5. Write the TSV; recompute and record `fixture_sha256`.
## How the crate consumes these fixtures
```rust
// in tests/eval_tadbench.rs (gated #[cfg(all(feature = "std", feature = "paper-lock"))])
use dsfb_debug::real_data::{evaluate_real_dataset, MANIFEST_TADBENCH_F04};
use dsfb_debug::DsfbDebugEngine;
const F04_BYTES: &[u8] = include_bytes!("../data/fixtures/tadbench_trainticket_F04.tsv");
let engine = DsfbDebugEngine::<32, 64>::paper_lock().unwrap();
match evaluate_real_dataset(&engine, &MANIFEST_TADBENCH_F04, F04_BYTES) {
Ok(eval) => println!("{eval:#?}"),
Err(e) => println!("{e} — populate fixture per data/README.md §Extraction"),
}
```
## Acquisition log (Session 4, 2026-05-05)

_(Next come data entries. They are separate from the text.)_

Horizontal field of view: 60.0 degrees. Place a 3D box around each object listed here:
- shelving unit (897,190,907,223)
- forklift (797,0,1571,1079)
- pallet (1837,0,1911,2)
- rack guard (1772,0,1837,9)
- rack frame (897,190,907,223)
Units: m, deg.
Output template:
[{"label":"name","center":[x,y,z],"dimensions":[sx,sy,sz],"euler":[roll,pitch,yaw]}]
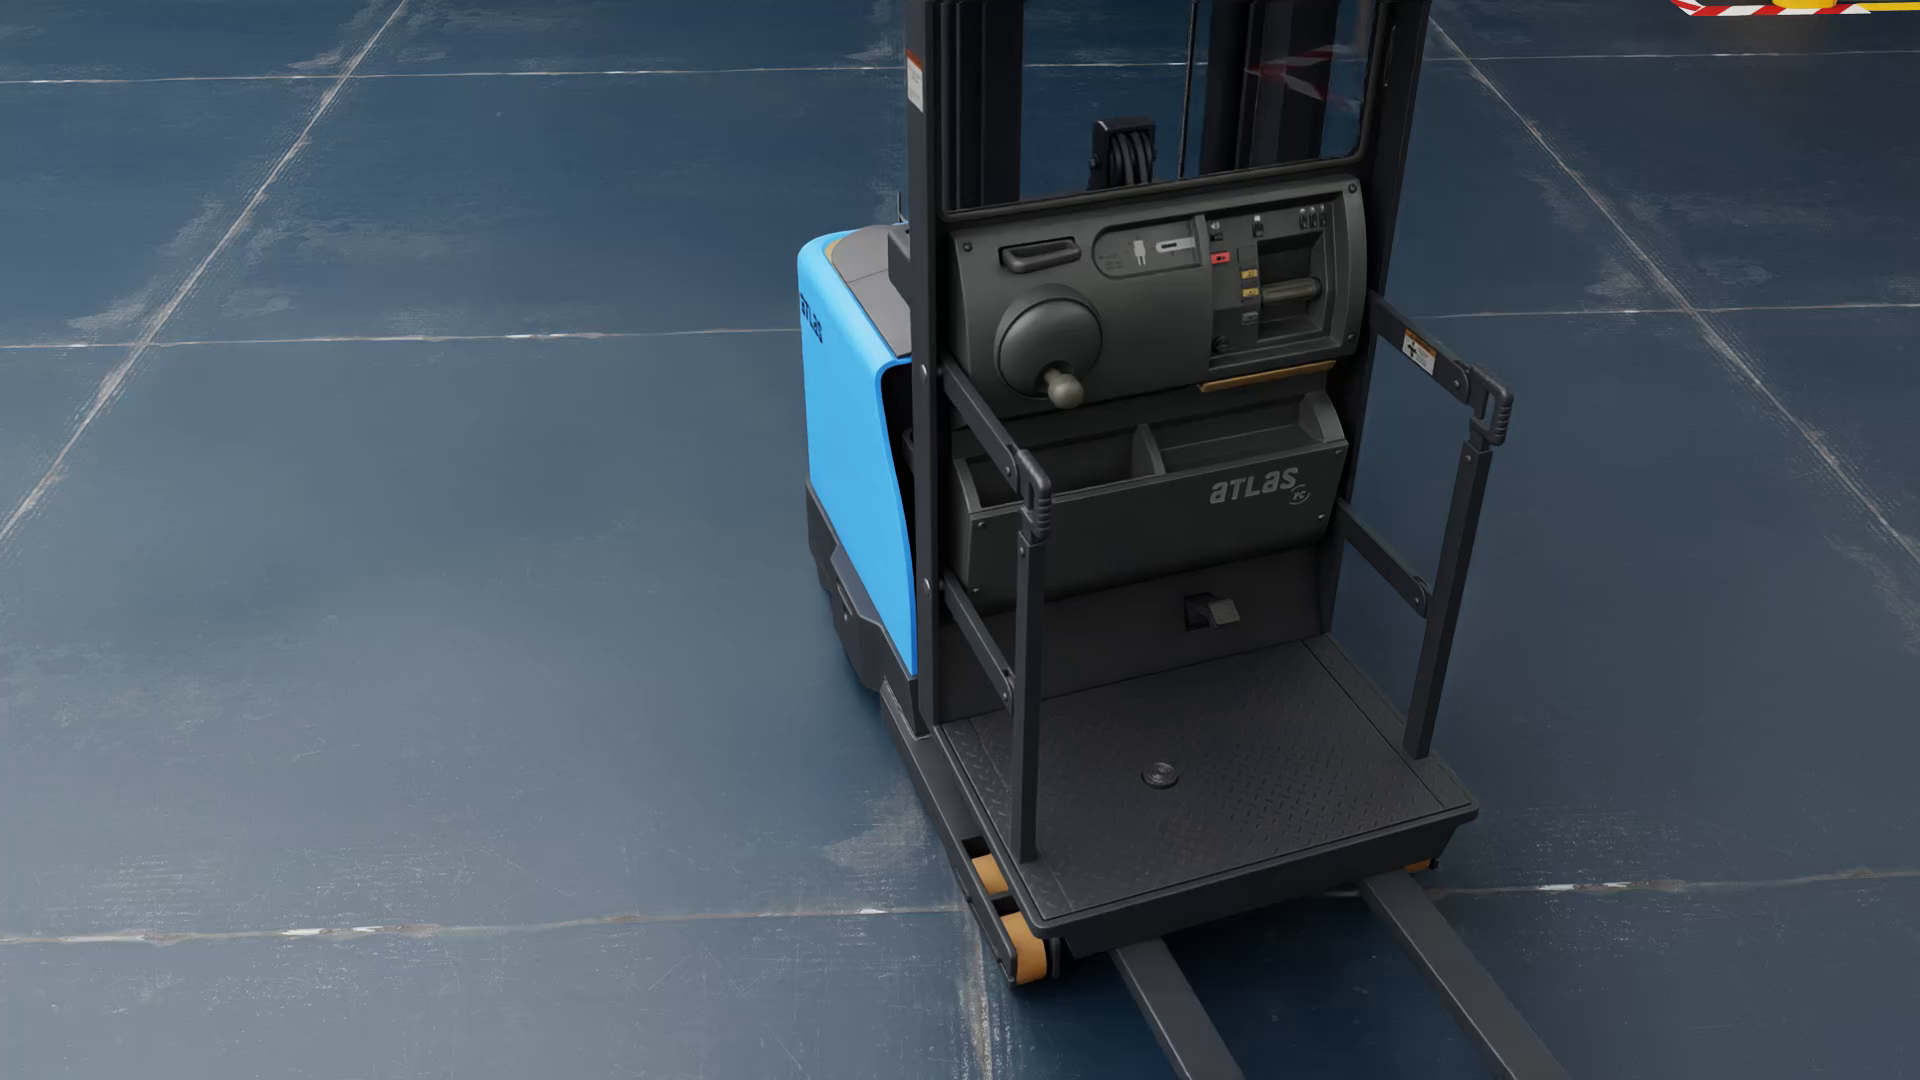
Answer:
[{"label":"shelving unit","center":[-0.032,-0.567,5.146],"dimensions":[0.252,1.050,0.215],"euler":[-11,36,-16]},{"label":"forklift","center":[0.511,-0.460,3.339],"dimensions":[1.130,2.935,3.031],"euler":[-11,36,-16]},{"label":"pallet","center":[5.750,-3.582,10.240],"dimensions":[1.213,0.211,1.003],"euler":[-2,35,-2]},{"label":"rack guard","center":[4.964,-3.656,10.093],"dimensions":[0.348,0.500,1.175],"euler":[-2,35,-2]},{"label":"rack frame","center":[-0.147,-0.543,5.112],"dimensions":[0.008,1.050,0.200],"euler":[-11,36,-16]}]
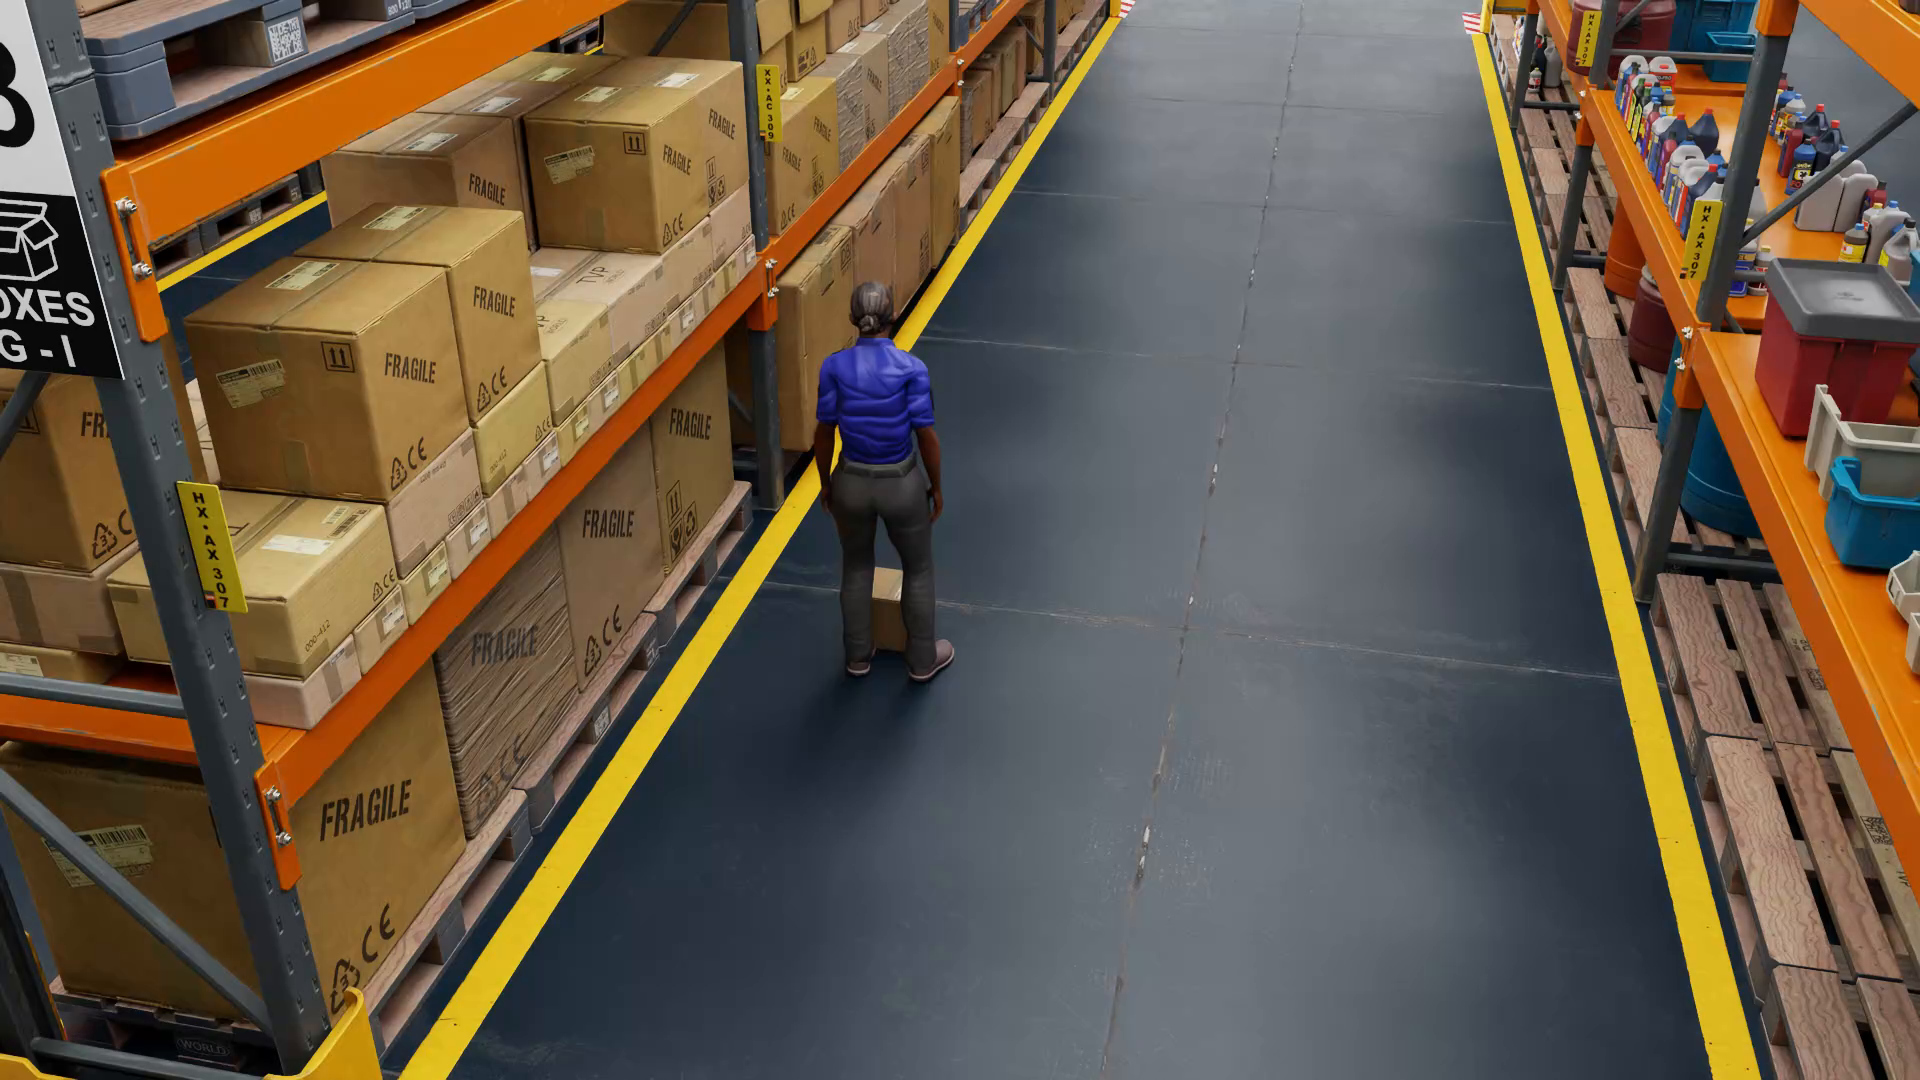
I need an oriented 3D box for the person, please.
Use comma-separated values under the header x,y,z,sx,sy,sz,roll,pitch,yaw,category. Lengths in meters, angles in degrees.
x,y,z,sx,sy,sz,roll,pitch,yaw,category
-0.299,-0.196,6.501,0.523,1.639,0.348,4,29,8,person
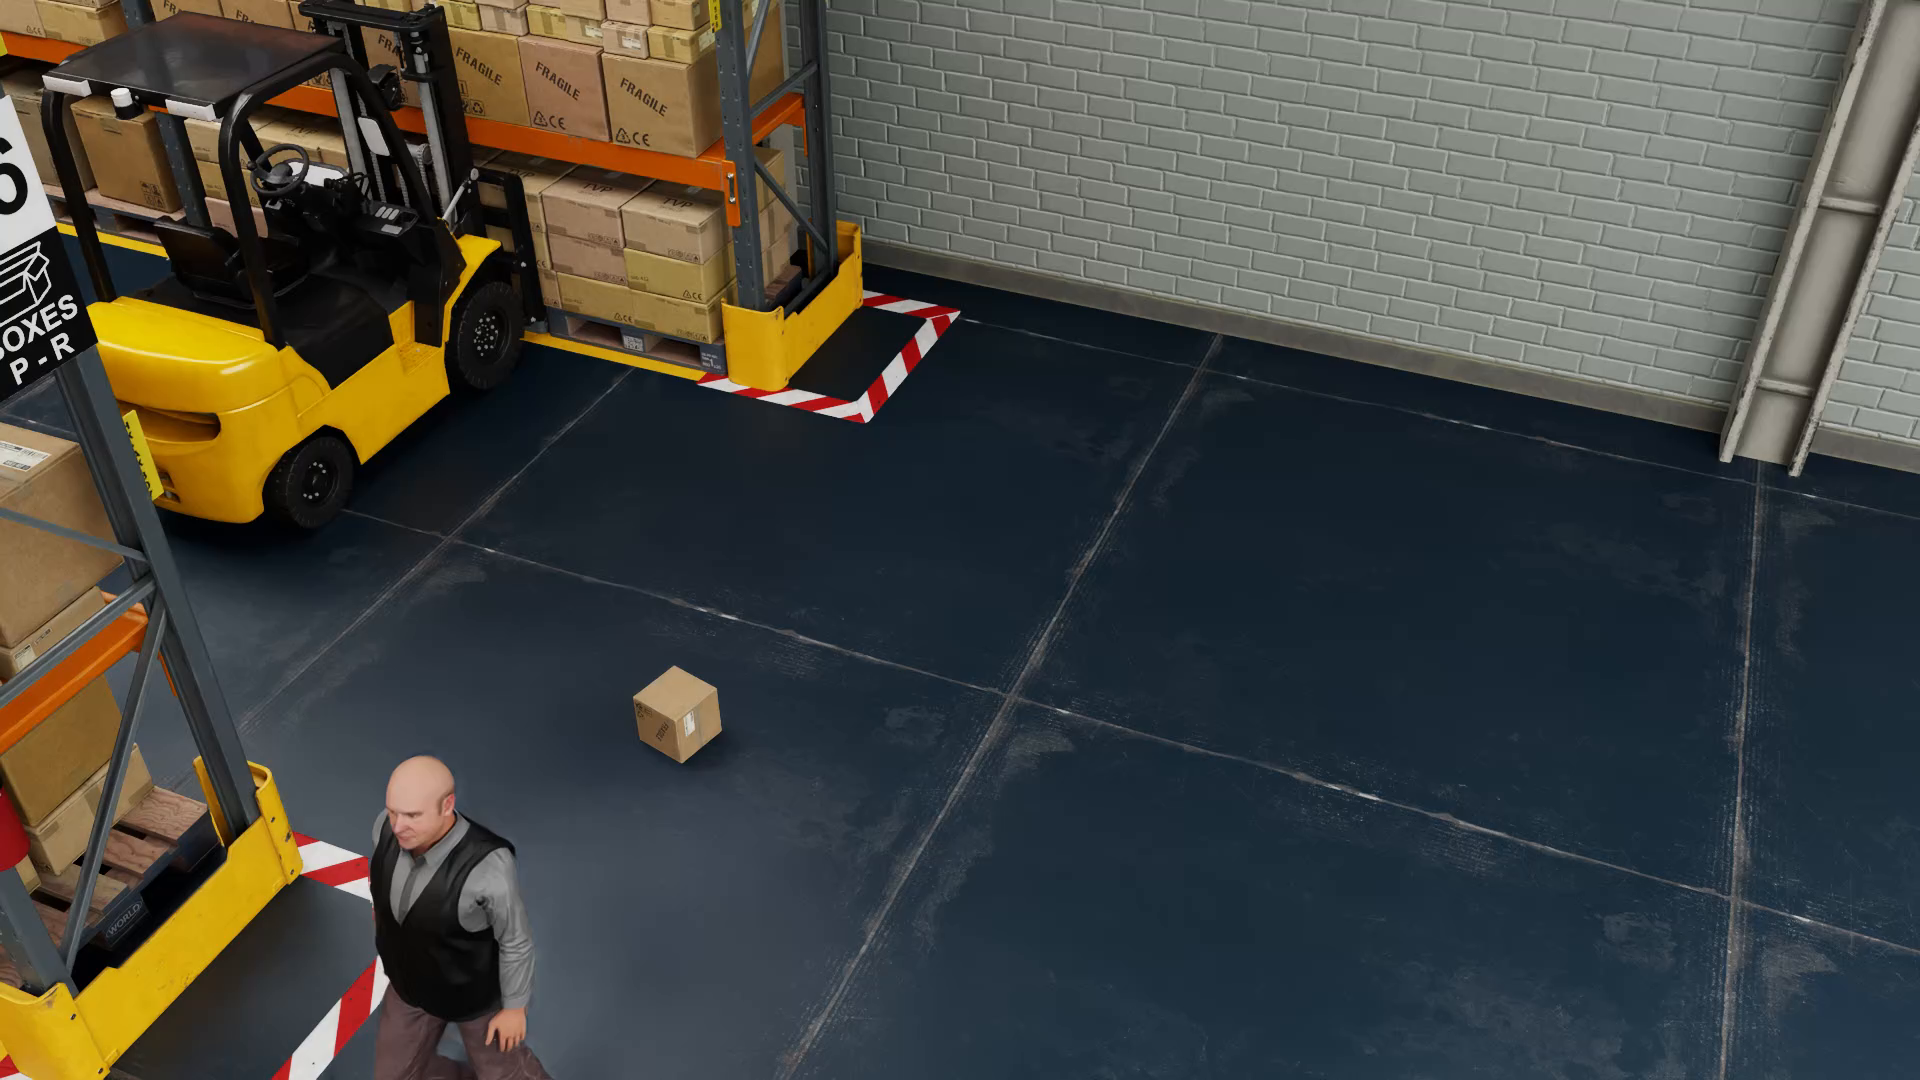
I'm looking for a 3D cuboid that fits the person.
[{"bbox_3d":[-1.532,1.372,5.024,0.564,1.754,0.476,16,40,20],"label":"person"}]
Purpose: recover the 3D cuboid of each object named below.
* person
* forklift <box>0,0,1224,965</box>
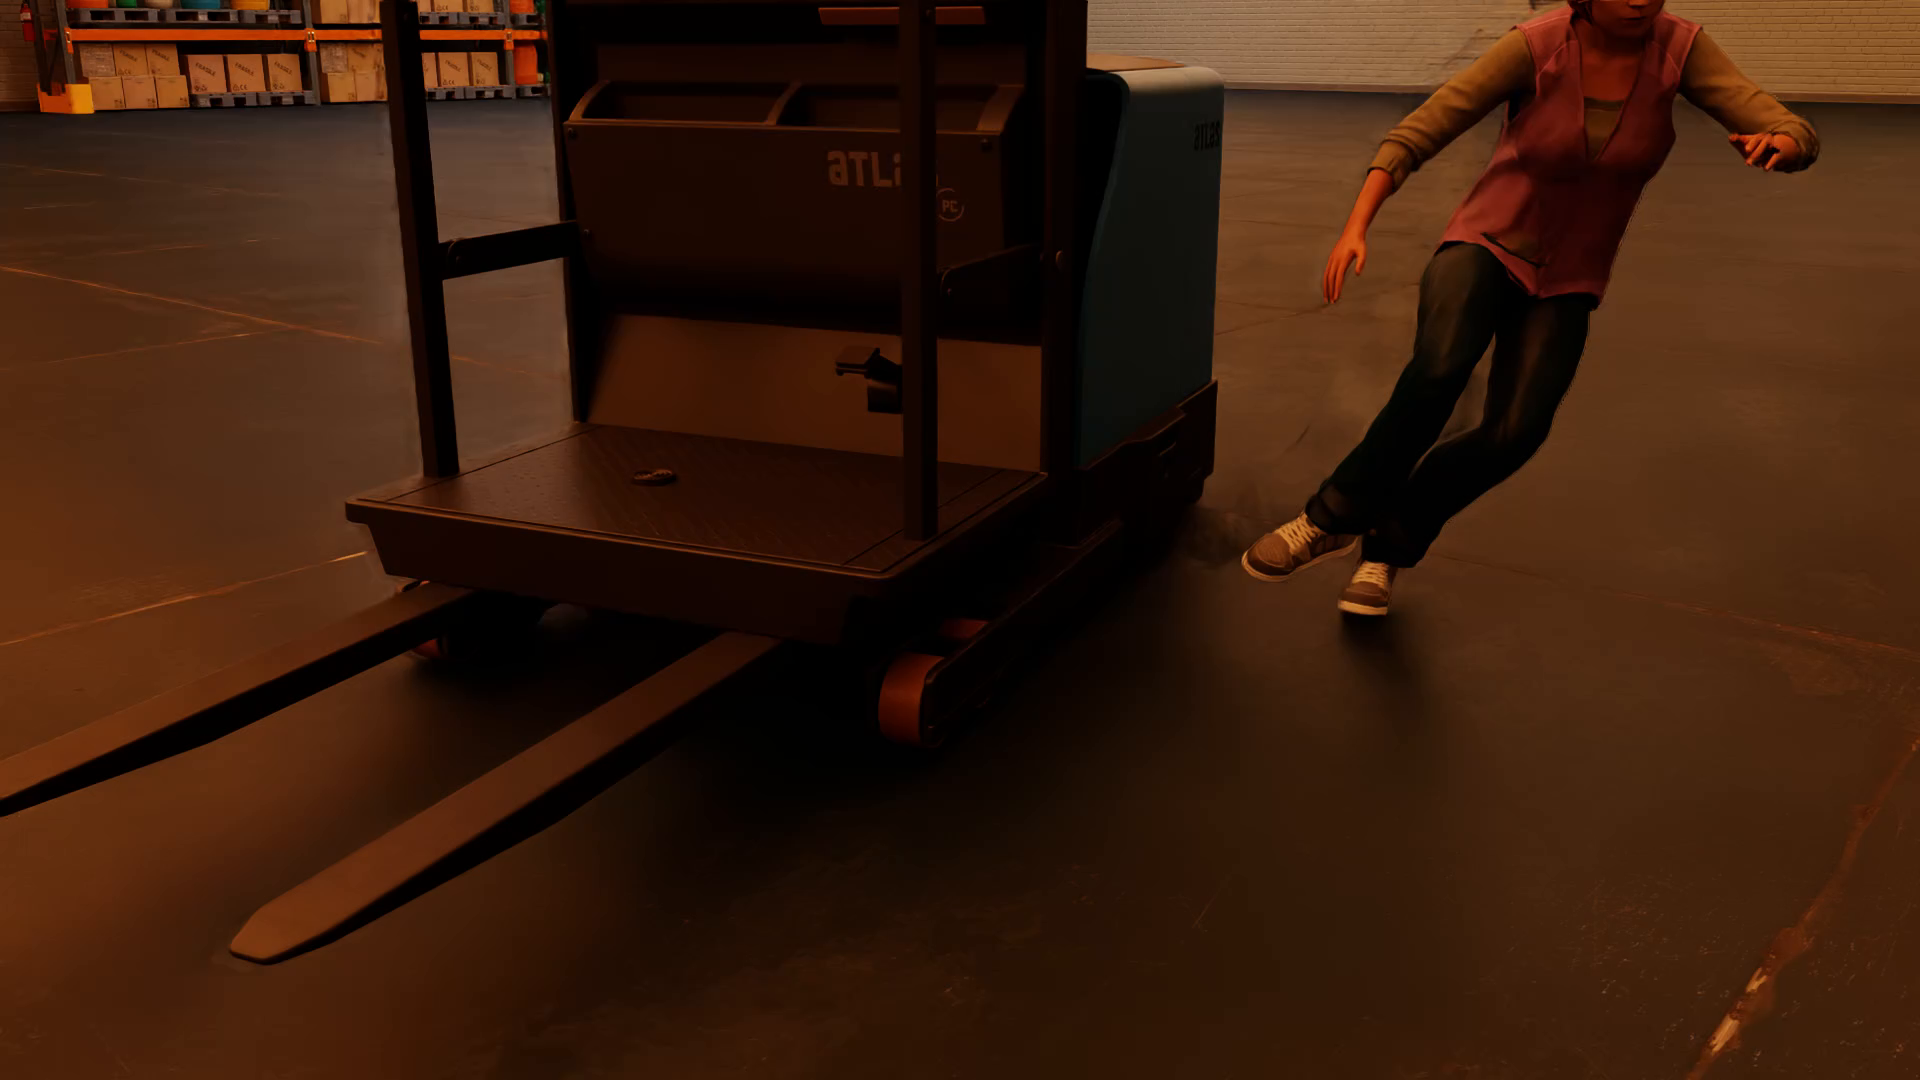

| TrainTicket-Anomaly | **Vendored end-to-end** | `data/fixtures/tadbench_trainticket_F11.tsv` | 32 KB (projected) / 147 MB (upstream) | fixture `07c8f085...12c3` ; archive `18456279...4403` |
| LO2 (sample) | Acquired; projection deferred | `data/upstream/lo2_sample.zip` | 1021 MB | `2d9516fe...a882` |
| MultiDim-Localization | Acquired; projection deferred | `data/upstream/multidim_localization/` (git) | 1.3 GB | git commit `d3159c50` |
| DeepTraLog | Acquired; projection deferred | `data/upstream/deeptralog/` (git) | 1.8 GB | git commit `04376dcb` |
| AIOps Challenge 2020 | Manual fetch (Tsinghua Cloud / Google Drive) | — | ~? GB | per-archive `fac7fe1b4e048c81ef88874334b73534` (md5, upstream README) |
| Illinois IDB-6738796 | Manual fetch (presigned S3, large) | — | ~? GB | needs HEAD with auth |
Archives under `data/upstream/` are gitignored. They are intentionally
local-only: SHA-256 (or git commit) per archive is recorded in
`MANIFEST.toml` for reviewer verification, and the projected slice
under `data/fixtures/` is the bytes the engine actually consumes.
### Manual-fetch recipes
**AIOps Challenge 2020/2021** — gated by Tsinghua Cloud / Google Drive
links in `https://github.com/NetManAIOps/AIOps-Challenge-2020-Data` and
the corresponding 2021 repository's README. Download the per-stage
archives, verify against the README's `md5sum`, and place under
`data/upstream/aiops_challenge_2020/` and `data/upstream/aiops_challenge_2021/`.
**Illinois Microservice Tracing Dataset (IDB-6738796)** — visit
`https://databank.illinois.edu/datasets/IDB-6738796` in a browser
session and download `tracing-data.tar.gz` (the redirect target is a
short-lived presigned S3 URL). Place under
`data/upstream/illinois_socialnetwork.tar.gz` and run
`sha256sum` to verify against the manifest.
## Reproducibility checklist
A reviewer reproducing the published metrics should verify, in order:
- [ ] `MANIFEST.toml` parses cleanly under TOML 1.0.
- [ ] Every `fixture_path` exists and is non-empty.
- [ ] No fixture begins with `# UPSTREAM_FIXTURE_NOT_VENDORED`.
- [ ] The SHA-256 of each `fixture_path` matches its `fixture_sha256`.
- [ ] The SHA-256 of each upstream archive matches `upstream_archive_sha256`.
- [ ] `cargo test --features "std paper-lock" -- --nocapture` reports
`deterministic_replay_holds = true` for every dataset block.